Task statement – Scan the records below. Copy every line in which the word "term" appears.

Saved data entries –
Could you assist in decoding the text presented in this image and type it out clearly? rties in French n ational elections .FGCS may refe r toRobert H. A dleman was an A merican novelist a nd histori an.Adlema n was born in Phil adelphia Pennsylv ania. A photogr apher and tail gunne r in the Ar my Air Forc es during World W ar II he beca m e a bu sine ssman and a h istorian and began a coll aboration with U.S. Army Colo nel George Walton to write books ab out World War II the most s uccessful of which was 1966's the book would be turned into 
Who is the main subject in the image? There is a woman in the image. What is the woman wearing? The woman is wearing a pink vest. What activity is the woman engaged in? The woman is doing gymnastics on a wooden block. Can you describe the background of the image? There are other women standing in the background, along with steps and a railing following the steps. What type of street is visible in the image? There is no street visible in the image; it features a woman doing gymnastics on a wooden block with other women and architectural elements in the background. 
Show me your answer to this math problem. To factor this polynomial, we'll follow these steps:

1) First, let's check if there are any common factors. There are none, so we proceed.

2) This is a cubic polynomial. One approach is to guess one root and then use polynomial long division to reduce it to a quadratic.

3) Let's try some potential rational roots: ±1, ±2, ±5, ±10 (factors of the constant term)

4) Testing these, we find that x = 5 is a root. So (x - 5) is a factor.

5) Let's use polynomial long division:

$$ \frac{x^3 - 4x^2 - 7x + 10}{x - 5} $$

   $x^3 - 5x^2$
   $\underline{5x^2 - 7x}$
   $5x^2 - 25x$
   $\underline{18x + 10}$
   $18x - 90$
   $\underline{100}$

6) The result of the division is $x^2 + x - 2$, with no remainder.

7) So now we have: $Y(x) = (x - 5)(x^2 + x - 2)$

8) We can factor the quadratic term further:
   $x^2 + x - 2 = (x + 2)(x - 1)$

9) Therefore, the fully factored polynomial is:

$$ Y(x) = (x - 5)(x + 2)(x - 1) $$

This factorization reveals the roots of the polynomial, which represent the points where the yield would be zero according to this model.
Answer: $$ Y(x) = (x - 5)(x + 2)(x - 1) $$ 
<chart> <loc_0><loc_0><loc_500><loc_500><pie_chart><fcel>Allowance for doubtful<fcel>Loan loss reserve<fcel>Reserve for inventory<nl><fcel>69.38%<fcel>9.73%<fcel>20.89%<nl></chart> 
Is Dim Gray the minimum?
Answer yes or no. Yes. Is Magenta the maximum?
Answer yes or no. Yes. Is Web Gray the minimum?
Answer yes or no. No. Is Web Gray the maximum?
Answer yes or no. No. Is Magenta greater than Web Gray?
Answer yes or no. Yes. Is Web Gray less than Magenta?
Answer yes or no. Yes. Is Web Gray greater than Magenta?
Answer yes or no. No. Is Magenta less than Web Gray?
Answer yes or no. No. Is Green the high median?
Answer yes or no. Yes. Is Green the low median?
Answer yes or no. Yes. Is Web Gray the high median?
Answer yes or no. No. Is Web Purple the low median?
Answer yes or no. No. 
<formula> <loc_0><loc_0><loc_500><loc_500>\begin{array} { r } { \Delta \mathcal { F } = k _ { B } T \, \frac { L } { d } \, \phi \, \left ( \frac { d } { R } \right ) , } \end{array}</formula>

Answer to this exercise –
3) Let's try some potential rational roots: ±1, ±2, ±5, ±10 (factors of the constant term)
8) We can factor the quadratic term further:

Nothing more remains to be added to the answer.